IMP
- Paradigms: Multi-paradigm: procedural, imperative, structured, extensible
- Family: ALGOL
- Designed by: Edgar T. Irons
- Developer: National Security Agency
- First appeared: 1965; 60 years ago
- Stable release: IMP72 / 1972; 53 years ago
- Typing discipline: Static, strong
- Scope: Lexical
- Implementation language: ALGOL 60
- Platform: CDC 6600, Cray, PDP-10, PDP-11
- OS: COS, SCOPE, TOPS-10, Unix, others
- License: Proprietary

Major implementations
- IMP65, IMP70, IMP72

Influenced by
- ALGOL 60

= IMP (programming language) =

IMP is an early systems programming language that was developed by Edgar T. Irons in the late 1960s through early 1970s, at the National Security Agency (NSA). Unlike most other systems languages, IMP supports syntax-extensible programming.

Even though , IMP excludes many defining features of that language, while supporting a very non-ALGOL-like one: syntax extensibility.

A compiler for IMP existed as early as 1965 and was used to program the CDC 6600 time-sharing system, which was in use at the Institute for Defense Analyses since 1967. Although the compiler is slower than comparable ones for non-extensible languages, it has been used for practical production work.

IMP compilers were developed for the CDC 6600, Cray, PDP-10 and PDP-11 computers. Important IMP versions were IMP65, IMP70, and IMP72.

==Extensible syntax in IMP72==
Being an extensible syntax programming language, IMP allows a programmer to extend its syntax, although no specific means are provided to add new data types or structures to it. To achieve its syntax-extensibility, IMP uses a powerful parse algorithm based on a syntax graph and several connectivity matrices. The programmer may add new Backus–Naur form (BNF) productions to the graph.

IMP72's syntax is extended by means of extended-BNF syntax statements included in a source code program. The mechanism is so powerful, that it allowed the implementation of the language by itself, i.e., by an IMP72 source file consisting entirely of syntax statements, which was input to a trivial compiler which was initially able to translate the simplest case of the syntax statement. There is also a simple form of the syntax statement which looks like a macro to the casual user.

Basically, the syntax statement is an augmented BNF production with associated semantics added on the right:

 <class> ::= syntax-part ::= semantic-part

For example, to add the construct described by the following BNF:

 <EXP> ::= INCREMENT <VBL>

with the semantics that INCREMENT V should translate to V ← V + 1, the programmer would only need to insert the following IMP statement:

 <EXP> ::= INCREMENT <VBL,A> ::= "A←A+1"

The semantic-part can also contain calls to semantic routines, as in the following syntax statement:

 <ATOM> ::= ABS ( <ATOM,A> ) ::= DEWOP(214B,AREG1(1,13),A)

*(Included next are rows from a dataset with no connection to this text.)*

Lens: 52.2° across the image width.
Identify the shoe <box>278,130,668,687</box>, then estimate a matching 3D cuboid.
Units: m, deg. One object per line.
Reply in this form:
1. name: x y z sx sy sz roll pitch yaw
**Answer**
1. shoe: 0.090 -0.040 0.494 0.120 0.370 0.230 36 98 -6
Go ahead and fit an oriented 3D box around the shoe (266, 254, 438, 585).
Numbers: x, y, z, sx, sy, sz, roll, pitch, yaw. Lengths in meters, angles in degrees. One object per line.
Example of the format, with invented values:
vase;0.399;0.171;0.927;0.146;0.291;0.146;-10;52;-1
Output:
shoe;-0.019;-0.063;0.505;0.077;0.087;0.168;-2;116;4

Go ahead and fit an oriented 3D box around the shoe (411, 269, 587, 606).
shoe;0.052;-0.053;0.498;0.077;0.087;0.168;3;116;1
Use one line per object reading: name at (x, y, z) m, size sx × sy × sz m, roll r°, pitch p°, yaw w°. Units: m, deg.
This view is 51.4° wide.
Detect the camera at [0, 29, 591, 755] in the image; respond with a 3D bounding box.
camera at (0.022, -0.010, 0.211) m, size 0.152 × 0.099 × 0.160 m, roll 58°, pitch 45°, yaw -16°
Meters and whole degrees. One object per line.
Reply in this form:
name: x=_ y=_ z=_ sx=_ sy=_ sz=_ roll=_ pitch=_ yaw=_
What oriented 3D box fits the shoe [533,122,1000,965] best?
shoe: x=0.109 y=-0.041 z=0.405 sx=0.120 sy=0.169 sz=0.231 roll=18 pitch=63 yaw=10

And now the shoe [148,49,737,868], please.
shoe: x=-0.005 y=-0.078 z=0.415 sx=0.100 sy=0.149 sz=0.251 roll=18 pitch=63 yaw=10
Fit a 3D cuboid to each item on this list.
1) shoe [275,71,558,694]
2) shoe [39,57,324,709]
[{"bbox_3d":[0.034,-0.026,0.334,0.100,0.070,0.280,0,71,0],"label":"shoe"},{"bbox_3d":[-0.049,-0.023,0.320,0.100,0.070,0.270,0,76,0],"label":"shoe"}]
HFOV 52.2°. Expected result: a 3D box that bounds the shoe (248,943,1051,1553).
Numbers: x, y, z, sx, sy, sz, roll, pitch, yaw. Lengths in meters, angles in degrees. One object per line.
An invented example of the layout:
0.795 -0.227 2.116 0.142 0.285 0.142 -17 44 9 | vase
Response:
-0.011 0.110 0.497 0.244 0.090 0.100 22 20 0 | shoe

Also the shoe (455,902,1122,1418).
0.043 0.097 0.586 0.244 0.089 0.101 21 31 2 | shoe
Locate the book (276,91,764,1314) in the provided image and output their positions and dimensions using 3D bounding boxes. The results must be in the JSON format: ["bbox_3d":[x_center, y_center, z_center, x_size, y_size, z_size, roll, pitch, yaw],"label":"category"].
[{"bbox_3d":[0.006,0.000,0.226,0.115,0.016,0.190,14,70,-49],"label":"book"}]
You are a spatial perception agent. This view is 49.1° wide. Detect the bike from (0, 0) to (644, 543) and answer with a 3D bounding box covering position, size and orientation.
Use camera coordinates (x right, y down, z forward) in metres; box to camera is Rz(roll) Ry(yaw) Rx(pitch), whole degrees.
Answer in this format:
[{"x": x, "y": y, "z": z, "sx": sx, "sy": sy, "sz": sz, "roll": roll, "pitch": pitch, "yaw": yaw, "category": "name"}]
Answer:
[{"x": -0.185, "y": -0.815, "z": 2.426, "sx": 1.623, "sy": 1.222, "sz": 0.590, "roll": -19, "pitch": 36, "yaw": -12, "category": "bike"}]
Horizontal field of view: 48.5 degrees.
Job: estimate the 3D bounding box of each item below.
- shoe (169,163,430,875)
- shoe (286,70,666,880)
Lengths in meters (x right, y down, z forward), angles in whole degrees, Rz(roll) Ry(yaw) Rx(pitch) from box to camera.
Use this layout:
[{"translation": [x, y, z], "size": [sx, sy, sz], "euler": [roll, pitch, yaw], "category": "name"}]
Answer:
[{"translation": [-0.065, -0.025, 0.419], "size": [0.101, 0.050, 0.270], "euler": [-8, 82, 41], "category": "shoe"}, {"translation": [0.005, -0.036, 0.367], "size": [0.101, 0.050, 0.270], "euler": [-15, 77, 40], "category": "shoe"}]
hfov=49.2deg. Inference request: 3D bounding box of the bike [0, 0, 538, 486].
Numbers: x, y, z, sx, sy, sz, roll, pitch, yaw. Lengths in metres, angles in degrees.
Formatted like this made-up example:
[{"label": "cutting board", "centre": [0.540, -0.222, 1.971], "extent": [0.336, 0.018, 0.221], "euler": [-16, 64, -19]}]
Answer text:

The semantic part of this statement consists of a call on the semantic routine DEWOP. The arguments are the octal constant 214B, the semantic routine call AREG1(1,13), and A, which is the object on top of the stack at the moment this production is invoked. DEWOP is a semantic routine which respectively takes as its arguments a PDP-10 machine language opcode, a register object, and any other object, and produces an object whose value is the result of executing the designated machine instruction using as address field the object which is its last argument. In this example, the opcode 214B designates the Load Magnitude instruction, and thus the result of the above syntax statement will be to compile code to compute the absolute value of A.

==Folklore operating system==
IMP was the language used on NSA's homegrown time-sharing operating system named Folklore.